I slammed those shots of whiskey at my parents’ house after Christmas dinner. The dinner itself was utterly unremarkable. Ham with microwaved potatoes. Par for the course. The company, on the other hand was. . .remarkable. My parents took pity on a 60-something neighbor whose wife had skipped town for the holidays. He appeared at their door wearing a Liberty University t-shirt. Founded by Jerry Falwell in 1971, Liberty U is a bastion of evangelical conservatism. The kind of conservatism that preaches against the mythology of evolution and the evil of homosexuality. Seeing the shirt, my parents, both bleeding heart liberals through and through, almost choked on their pita chips. Throughout the night, conversation sputtered along, evading anything resembling politics, religion or substance. Occasional exclamations of “This food is truly wonderful” punctuated halting exchanges about the weather and sports. I appreciate my parents’ charitable instincts—after all, there’s nothing more Judeo-Christian than helping your fellow man—but it made for an awkward dinner.

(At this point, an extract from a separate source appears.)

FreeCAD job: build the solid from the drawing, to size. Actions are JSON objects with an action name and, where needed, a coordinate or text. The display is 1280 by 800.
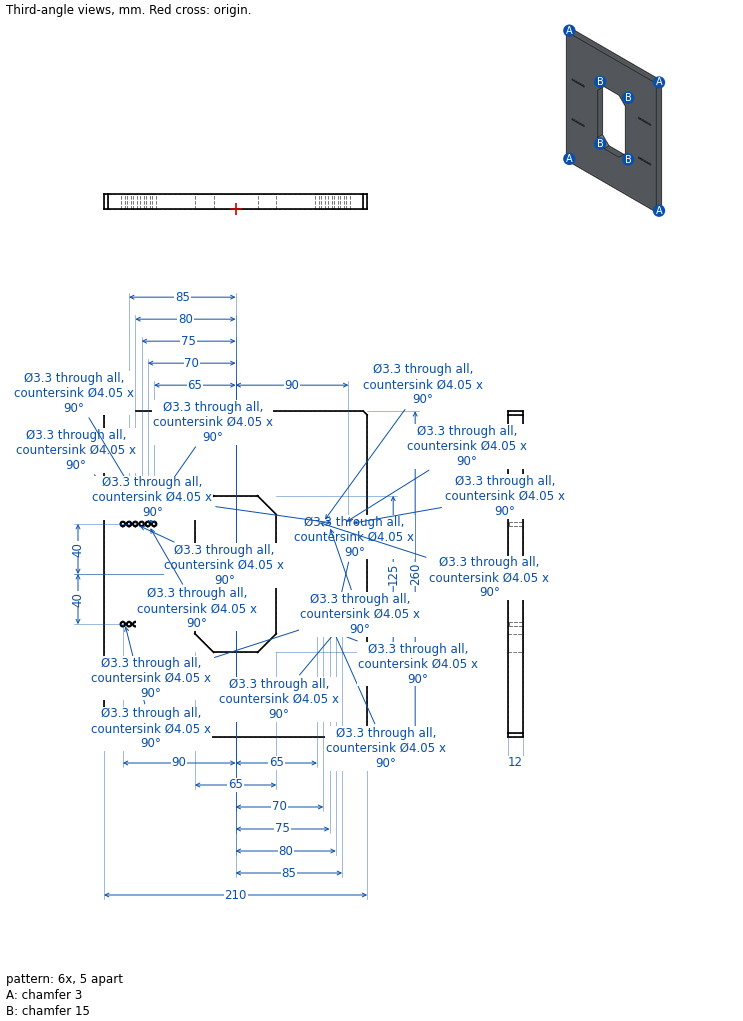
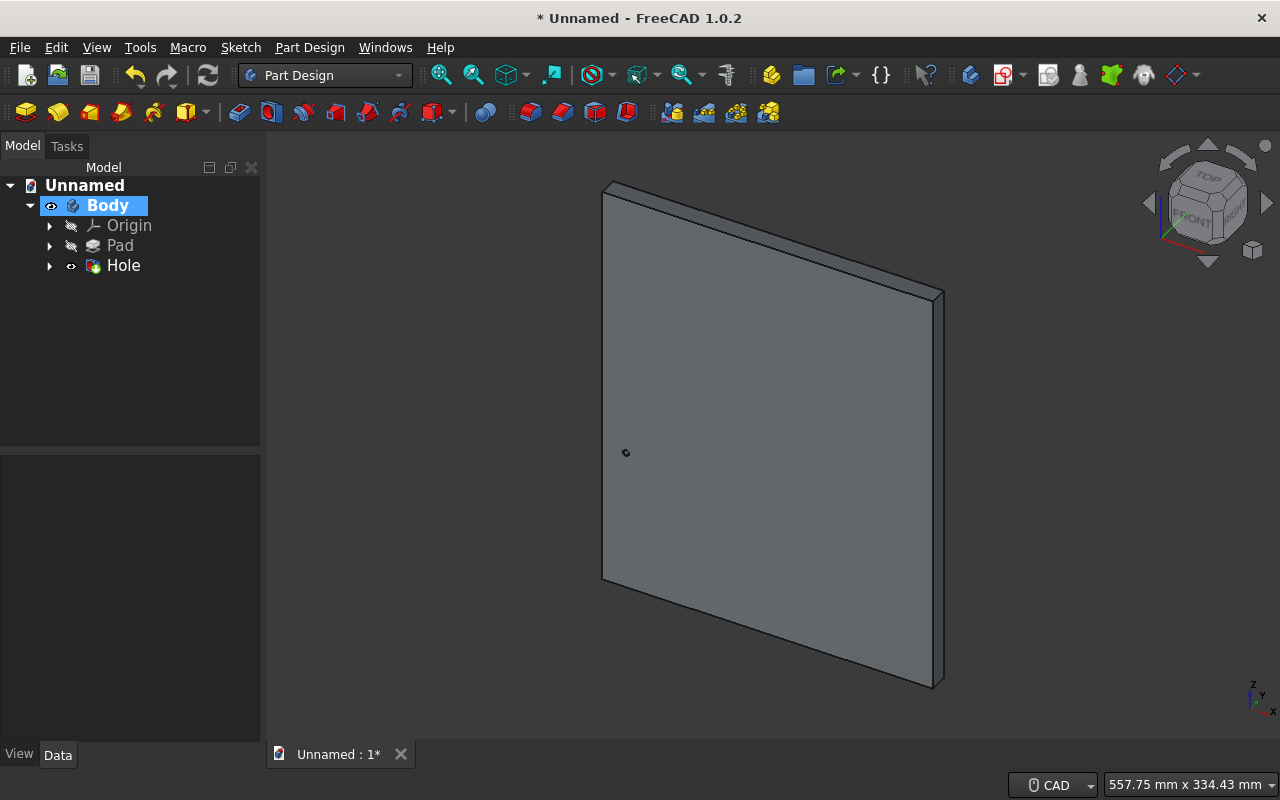
{"action": "left_click", "coordinate": [116, 266]}

We’re Jewish, but my parents and I have always celebrated Christmas. For years, we had both a menorah and a Christmas tree. Eventually, the menorah stayed stashed in the closet and the Christmas tree prevailed. Sort of. My father always felt conflicted about our adoption of Christmas décor. He go to the tree lot, find the saddest, scraggliest, runtiest tree there, bargain it down to less than $20, and bring it home. Nowadays, they just buy a two foot tall, fiberoptic, predecorated tree at Rite-Aid and plunk it on top of a table. Very festive!

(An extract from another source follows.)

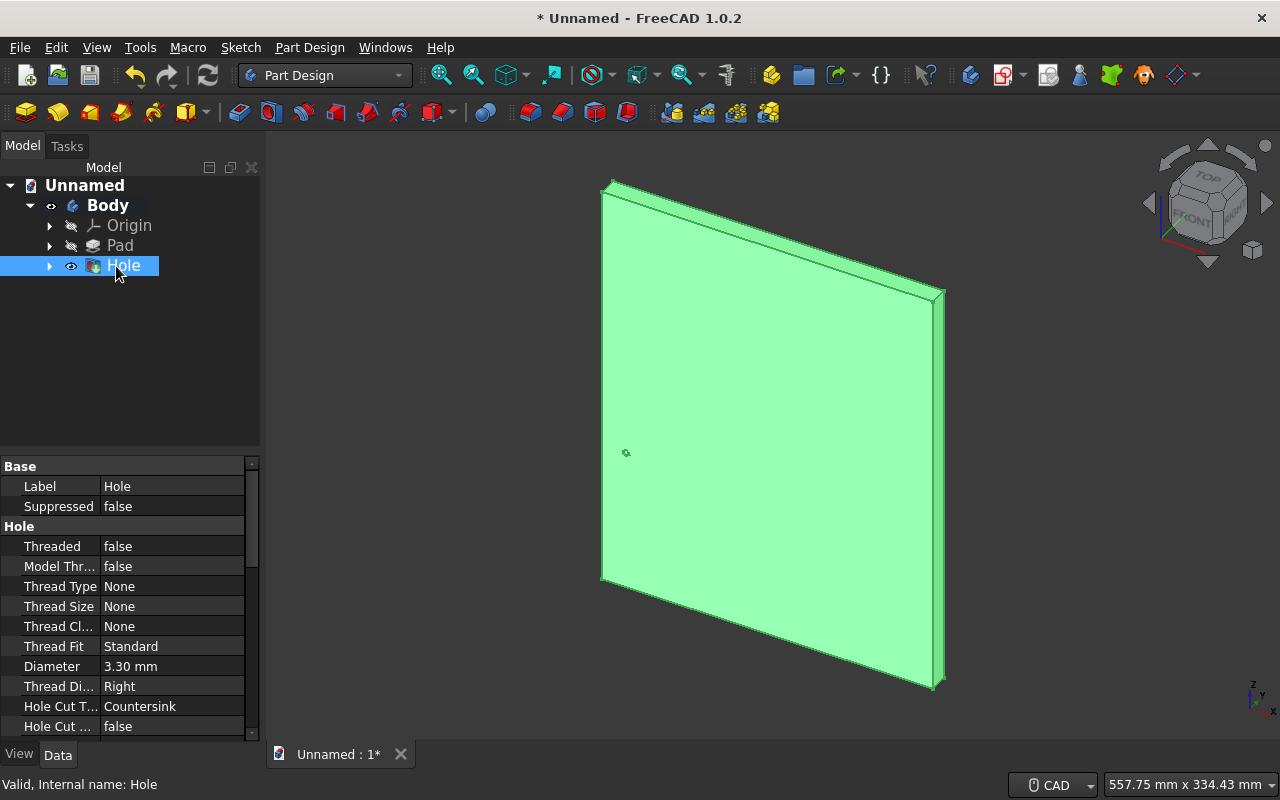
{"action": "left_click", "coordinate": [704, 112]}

Anyway, this year for Christmas, I got a Tron Legacy light-cycle toy, a Transformers toy, some sort of inflatable bat to hit people with, and a Cuisinart. Apparently my parents think that I’m a 7 year old with culinary aspirations. They may not be far off the mark.

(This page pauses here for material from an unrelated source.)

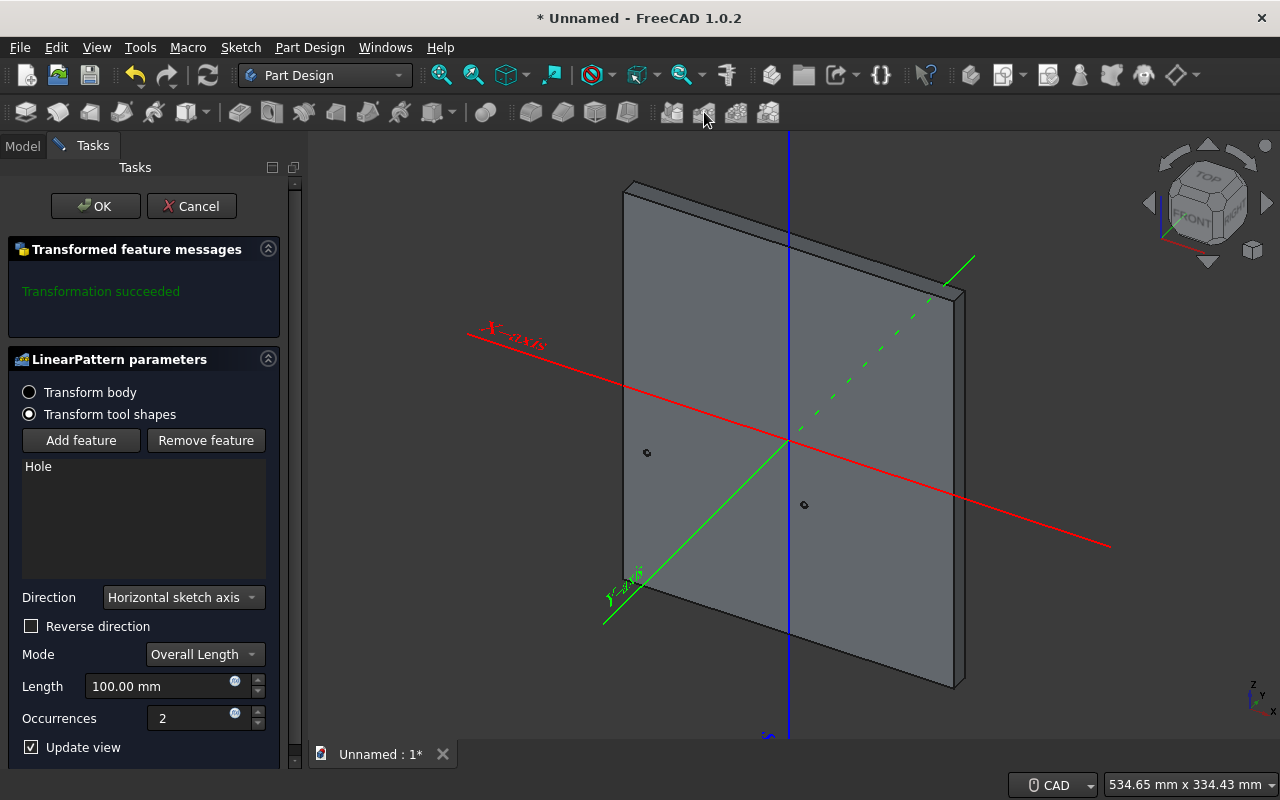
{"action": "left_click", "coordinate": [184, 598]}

As I played with my new toys, making zoom zoom noises and wondering what would happen if a light-cycle found its way into my new Cuisinart, my father started telling a story. My father tells stories with great energy. He draws you in immediately. Sadly, they have no structure. Nothing happens. He will talk for 20 minutes and, at the end of it, you realize he’s just told you that he once dropped his wallet on the subway, then picked it up. He’s also told you about everyone sitting around him on the subway, the weather outside, other current events. But, dropping the wallet, that’s the whole story.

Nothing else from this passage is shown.